Thermodynamics

Heat of Vaporization

The heat of vaporization ( $ \Delta H_{vap} $ ), also known as the enthalpy of vaporization, is the amount of heat energy required to change one mole of a substance from its liquid phase to its gaseous phase at a constant temperature and pressure (usually the boiling point). This is an endothermic process, meaning heat is absorbed by the substance.

Understanding the Process

Vaporization involves overcoming the intermolecular forces holding liquid molecules together. In liquids, these forces (intermolecular forces) – such as hydrogen bonding, dipole-dipole interactions, and London dispersion forces – restrict the movement of molecules. To transition to the gaseous phase, enough energy must be supplied to overcome these attractions and allow molecules to escape the liquid’s surface. The stronger the intermolecular forces, the more energy is required, and thus the higher the heat of vaporization.

Factors Affecting Heat of Vaporization

Several factors influence the heat of vaporization:

• Intermolecular Forces: As mentioned above, stronger intermolecular forces lead to higher $ \Delta H_{vap} $ . For example, water has a relatively high heat of vaporization due to its strong hydrogen bonding.

• Molecular Weight: Generally, larger molecules have higher heats of vaporization because they exhibit stronger London dispersion forces.

• Temperature: While $ \Delta H_{vap} $ is usually reported at the boiling point, it’s important to note that it’s slightly temperature-dependent. At higher temperatures, less energy is required to overcome intermolecular forces, resulting in a slightly lower $ \Delta H_{vap} $ . However, this temperature dependence is often neglected in AP Chemistry calculations.

• Pressure: The heat of vaporization is affected by pressure. However, this effect is typically small and often ignored unless explicitly stated in a problem.

Calculating Heat of Vaporization

The heat absorbed during vaporization can be calculated using the following equation:

$ q = n \times \Delta H_{vap} $

Where:

• $ q $ is the heat absorbed (in Joules or kilojoules)
• $ n $ is the number of moles of the substance
• $ \Delta H_{vap} $ is the molar heat of vaporization (in J/mol or kJ/mol)

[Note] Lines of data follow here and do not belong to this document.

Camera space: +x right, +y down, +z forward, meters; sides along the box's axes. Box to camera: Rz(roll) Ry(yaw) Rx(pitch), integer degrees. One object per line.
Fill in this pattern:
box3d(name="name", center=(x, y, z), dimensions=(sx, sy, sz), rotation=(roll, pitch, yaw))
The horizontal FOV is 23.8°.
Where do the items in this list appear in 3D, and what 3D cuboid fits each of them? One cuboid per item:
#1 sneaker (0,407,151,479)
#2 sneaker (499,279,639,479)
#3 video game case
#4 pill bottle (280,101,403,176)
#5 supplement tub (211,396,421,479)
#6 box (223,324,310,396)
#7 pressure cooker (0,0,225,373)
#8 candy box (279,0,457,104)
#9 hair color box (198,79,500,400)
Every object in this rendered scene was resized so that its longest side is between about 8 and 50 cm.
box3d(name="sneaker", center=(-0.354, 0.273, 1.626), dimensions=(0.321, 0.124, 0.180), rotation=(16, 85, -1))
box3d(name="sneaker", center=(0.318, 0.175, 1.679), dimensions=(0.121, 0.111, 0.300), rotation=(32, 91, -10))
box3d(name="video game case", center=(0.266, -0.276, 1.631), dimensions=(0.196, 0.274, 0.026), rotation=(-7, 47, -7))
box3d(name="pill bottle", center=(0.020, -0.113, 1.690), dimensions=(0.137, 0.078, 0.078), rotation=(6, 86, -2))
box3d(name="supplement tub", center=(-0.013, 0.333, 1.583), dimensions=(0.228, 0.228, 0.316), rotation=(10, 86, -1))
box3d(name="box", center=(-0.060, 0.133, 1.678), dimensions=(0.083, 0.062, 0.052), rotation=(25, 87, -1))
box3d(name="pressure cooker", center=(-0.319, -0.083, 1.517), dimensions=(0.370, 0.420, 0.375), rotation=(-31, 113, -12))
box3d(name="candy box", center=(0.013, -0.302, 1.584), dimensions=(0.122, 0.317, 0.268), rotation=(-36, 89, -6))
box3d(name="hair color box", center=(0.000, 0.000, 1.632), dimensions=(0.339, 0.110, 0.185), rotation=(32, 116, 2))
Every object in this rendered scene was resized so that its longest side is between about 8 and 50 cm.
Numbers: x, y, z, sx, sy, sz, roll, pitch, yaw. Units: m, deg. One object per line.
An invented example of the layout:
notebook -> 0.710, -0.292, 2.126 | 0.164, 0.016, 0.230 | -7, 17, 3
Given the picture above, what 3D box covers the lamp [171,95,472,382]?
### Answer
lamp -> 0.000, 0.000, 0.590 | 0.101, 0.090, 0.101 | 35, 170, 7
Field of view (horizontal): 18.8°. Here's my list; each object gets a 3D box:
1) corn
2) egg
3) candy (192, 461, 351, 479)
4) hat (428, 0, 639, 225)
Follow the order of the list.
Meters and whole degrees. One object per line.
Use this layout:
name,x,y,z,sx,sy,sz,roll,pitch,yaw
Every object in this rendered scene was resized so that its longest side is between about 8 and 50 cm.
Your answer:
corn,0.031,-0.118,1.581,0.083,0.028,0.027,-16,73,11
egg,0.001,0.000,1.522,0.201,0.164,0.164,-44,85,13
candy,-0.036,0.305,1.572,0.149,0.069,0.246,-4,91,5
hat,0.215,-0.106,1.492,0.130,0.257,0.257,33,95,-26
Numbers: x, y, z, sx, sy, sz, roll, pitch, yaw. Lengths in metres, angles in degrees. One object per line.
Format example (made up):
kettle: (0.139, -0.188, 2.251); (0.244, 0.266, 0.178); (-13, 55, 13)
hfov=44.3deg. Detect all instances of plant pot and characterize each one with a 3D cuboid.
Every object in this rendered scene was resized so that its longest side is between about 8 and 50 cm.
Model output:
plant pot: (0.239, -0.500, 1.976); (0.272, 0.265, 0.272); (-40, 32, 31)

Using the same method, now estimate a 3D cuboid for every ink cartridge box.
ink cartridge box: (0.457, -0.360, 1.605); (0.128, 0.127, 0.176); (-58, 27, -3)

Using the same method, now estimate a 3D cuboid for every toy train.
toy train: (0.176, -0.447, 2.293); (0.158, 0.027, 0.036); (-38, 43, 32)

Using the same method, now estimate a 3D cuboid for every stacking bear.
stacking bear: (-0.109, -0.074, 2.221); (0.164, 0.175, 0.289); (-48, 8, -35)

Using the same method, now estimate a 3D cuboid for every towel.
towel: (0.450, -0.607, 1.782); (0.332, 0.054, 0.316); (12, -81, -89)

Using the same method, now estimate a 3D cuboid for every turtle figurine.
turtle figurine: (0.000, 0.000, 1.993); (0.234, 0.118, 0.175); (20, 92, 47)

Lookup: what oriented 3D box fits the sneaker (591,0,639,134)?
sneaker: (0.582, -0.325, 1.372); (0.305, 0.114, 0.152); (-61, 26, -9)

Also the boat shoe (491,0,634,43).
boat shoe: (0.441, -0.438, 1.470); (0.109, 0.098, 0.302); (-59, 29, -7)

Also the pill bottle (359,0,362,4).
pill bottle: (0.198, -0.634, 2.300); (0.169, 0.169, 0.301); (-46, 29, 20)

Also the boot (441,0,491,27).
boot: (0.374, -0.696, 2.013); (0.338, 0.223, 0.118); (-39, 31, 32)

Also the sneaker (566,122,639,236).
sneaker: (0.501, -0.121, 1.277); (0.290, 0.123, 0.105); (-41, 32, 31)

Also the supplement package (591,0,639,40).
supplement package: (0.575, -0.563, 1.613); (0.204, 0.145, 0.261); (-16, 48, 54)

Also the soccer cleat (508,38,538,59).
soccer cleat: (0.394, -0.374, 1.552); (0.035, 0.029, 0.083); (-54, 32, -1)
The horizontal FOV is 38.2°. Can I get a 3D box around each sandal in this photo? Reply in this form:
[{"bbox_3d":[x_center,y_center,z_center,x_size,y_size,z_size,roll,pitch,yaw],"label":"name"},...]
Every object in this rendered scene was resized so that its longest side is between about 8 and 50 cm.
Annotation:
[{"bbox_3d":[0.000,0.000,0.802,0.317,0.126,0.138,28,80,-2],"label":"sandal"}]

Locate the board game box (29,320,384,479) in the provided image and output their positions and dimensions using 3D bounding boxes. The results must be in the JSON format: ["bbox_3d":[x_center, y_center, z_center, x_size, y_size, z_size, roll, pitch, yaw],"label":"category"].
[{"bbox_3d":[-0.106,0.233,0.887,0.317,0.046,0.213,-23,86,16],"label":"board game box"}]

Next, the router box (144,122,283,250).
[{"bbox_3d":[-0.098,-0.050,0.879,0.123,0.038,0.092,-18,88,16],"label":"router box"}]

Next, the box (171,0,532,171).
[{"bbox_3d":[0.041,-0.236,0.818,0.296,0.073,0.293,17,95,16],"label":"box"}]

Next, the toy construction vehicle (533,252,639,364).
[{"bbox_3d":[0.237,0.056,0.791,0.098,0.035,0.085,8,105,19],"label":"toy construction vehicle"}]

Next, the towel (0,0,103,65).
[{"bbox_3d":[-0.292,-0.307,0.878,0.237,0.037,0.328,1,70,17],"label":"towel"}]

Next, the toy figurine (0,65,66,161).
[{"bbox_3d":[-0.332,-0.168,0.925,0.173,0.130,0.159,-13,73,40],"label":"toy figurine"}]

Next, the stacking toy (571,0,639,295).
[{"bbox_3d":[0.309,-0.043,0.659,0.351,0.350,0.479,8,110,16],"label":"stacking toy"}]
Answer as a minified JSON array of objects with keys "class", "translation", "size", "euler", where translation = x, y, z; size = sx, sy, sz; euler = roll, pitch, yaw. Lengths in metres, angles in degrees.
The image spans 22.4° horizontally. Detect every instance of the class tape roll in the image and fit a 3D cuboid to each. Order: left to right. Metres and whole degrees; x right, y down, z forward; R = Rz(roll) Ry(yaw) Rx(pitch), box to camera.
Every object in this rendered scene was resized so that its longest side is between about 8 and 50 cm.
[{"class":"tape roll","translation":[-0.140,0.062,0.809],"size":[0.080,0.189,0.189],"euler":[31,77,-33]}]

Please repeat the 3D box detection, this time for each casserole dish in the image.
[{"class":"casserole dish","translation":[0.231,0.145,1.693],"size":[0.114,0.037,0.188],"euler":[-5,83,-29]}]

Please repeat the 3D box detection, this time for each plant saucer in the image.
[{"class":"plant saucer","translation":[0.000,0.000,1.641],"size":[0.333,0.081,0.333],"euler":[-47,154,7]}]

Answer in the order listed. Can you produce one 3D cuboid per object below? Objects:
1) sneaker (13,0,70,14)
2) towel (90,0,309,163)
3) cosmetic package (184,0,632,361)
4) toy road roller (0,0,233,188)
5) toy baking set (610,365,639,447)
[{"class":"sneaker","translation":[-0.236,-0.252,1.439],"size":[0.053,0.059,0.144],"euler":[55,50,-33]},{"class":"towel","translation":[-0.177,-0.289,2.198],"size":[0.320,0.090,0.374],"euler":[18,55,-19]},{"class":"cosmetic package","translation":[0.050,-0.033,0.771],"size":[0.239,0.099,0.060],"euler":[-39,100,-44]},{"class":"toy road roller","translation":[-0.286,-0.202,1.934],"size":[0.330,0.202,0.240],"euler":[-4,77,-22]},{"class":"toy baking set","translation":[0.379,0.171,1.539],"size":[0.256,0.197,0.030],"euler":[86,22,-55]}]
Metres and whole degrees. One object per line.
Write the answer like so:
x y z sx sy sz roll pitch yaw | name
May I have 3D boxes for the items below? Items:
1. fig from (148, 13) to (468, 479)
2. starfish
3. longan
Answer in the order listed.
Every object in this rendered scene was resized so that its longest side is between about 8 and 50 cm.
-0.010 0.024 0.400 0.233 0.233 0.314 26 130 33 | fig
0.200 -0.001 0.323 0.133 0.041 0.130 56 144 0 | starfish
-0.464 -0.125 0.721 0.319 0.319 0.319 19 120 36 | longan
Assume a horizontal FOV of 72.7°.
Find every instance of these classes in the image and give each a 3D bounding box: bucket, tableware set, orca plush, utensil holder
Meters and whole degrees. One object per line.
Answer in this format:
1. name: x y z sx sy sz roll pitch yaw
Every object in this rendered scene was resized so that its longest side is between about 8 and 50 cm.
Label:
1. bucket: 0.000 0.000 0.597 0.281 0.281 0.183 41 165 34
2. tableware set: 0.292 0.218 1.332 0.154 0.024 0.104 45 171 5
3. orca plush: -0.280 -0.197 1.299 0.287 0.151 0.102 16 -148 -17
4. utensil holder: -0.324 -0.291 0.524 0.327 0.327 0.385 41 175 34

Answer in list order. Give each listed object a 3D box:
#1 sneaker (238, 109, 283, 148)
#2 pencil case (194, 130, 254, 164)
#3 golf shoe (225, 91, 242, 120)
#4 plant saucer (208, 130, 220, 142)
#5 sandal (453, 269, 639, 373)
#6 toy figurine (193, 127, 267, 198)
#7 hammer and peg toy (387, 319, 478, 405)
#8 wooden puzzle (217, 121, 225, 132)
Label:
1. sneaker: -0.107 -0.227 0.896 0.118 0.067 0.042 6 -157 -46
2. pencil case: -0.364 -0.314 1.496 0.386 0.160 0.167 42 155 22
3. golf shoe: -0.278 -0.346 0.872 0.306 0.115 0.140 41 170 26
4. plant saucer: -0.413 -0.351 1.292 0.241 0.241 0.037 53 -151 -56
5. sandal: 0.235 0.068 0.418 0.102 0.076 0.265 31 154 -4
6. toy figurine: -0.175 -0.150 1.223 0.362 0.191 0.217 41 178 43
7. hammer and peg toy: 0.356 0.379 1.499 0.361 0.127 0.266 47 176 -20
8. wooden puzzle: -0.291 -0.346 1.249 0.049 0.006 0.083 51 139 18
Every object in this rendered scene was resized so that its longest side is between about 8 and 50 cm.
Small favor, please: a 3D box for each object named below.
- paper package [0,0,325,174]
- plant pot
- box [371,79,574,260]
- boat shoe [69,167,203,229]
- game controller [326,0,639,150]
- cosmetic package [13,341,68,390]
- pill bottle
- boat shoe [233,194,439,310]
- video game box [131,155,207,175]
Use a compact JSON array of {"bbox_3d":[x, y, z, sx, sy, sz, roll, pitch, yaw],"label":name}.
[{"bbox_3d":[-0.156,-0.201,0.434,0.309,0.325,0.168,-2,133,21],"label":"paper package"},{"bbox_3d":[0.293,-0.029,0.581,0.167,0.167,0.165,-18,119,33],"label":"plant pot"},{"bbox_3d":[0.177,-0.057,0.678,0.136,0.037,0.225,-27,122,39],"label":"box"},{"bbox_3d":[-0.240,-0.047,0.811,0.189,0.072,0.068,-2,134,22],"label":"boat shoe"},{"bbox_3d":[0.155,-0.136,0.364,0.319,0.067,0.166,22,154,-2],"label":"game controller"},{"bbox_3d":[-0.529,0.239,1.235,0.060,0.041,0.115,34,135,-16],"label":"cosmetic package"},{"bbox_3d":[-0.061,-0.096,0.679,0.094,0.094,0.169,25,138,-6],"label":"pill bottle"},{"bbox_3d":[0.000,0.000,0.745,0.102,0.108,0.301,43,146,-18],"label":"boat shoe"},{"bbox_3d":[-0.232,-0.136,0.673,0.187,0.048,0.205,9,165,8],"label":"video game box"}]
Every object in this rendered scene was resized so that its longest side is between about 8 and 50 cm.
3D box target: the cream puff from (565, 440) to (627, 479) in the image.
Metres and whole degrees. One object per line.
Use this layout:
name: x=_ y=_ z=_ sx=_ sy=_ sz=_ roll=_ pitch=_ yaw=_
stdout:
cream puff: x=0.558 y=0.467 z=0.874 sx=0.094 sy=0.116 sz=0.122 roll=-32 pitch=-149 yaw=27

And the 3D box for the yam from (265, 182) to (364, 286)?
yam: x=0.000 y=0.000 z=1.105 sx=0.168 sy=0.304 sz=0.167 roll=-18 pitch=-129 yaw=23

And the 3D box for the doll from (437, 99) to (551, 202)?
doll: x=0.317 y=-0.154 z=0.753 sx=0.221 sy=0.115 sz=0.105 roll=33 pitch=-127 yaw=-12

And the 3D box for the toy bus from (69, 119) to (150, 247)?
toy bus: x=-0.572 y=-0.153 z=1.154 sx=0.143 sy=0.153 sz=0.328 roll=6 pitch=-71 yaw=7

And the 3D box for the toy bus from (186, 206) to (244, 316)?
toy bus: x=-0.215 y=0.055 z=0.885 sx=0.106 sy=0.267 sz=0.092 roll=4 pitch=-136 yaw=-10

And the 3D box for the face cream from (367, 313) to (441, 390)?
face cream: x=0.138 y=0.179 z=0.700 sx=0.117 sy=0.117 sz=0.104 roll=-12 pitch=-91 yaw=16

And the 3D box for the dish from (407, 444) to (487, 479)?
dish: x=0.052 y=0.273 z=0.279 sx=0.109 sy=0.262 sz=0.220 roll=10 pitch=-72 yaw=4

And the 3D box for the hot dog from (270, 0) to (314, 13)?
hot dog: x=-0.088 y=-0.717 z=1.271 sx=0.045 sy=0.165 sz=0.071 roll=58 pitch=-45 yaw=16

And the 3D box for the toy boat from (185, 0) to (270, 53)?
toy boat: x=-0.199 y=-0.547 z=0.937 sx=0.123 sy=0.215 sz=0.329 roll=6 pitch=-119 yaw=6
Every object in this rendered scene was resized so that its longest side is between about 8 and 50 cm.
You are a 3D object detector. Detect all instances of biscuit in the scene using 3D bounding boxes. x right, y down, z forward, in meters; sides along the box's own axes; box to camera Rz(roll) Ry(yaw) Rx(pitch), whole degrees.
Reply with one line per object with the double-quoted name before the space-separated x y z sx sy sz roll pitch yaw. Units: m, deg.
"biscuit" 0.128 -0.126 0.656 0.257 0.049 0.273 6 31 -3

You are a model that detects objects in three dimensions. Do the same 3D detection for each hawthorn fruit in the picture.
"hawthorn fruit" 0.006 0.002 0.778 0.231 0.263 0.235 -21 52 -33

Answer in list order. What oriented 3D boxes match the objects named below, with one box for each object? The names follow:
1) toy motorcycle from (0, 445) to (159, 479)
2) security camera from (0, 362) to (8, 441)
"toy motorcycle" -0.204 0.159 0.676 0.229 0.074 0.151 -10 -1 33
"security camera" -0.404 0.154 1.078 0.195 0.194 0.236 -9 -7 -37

Thermodynamics and q=mcΔT: This equation is different from the equation used to calculate the heat transferred during temperature changes ( $ q = mc\Delta T $ ). Remember to use the appropriate equation depending on whether a phase change is occurring.

Clausius-Clapeyron Equation

The Clausius-Clapeyron equation relates the vapor pressure of a liquid to its temperature and heat of vaporization:

$ \ln \left(\frac{P_2}{P_1}\right) = \frac{-\Delta H_{vap}}{R} \left(\frac{1}{T_2} - \frac{1}{T_1}\right) $

Where:

• $ P_1 $ and $ P_2 $ are the vapor pressures at temperatures $ T_1 $ and $ T_2 $ (in Kelvin)
• $ \Delta H_{vap} $ is the molar heat of vaporization
• $ R $ is the ideal gas constant (8.314 J/mol·K)

This equation is useful for determining the heat of vaporization if vapor pressure data at different temperatures are available, or for predicting vapor pressure at a given temperature if the heat of vaporization is known.

Example Problem

Calculate the heat required to vaporize 25.0 g of water at its boiling point. The molar heat of vaporization of water is 40.7 kJ/mol.

Solution:

1. Calculate the number of moles of water: The molar mass of water is 18.02 g/mol. Therefore, $ n = \frac{25.0 \text{ g}}{18.02 \text{ g/mol}} = 1.39 \text{ mol} $

2. Calculate the heat absorbed: $ q = n \times \Delta H_{vap} = 1.39 \text{ mol} \times 40.7 \text{ kJ/mol} = 56.4 \text{ kJ} $

Therefore, 56.4 kJ of heat is required to vaporize 25.0 g of water at its boiling point.

This rundown provides a comprehensive overview of the heat of vaporization for AP Chemistry. Remember to practice applying these concepts through various problem-solving exercises.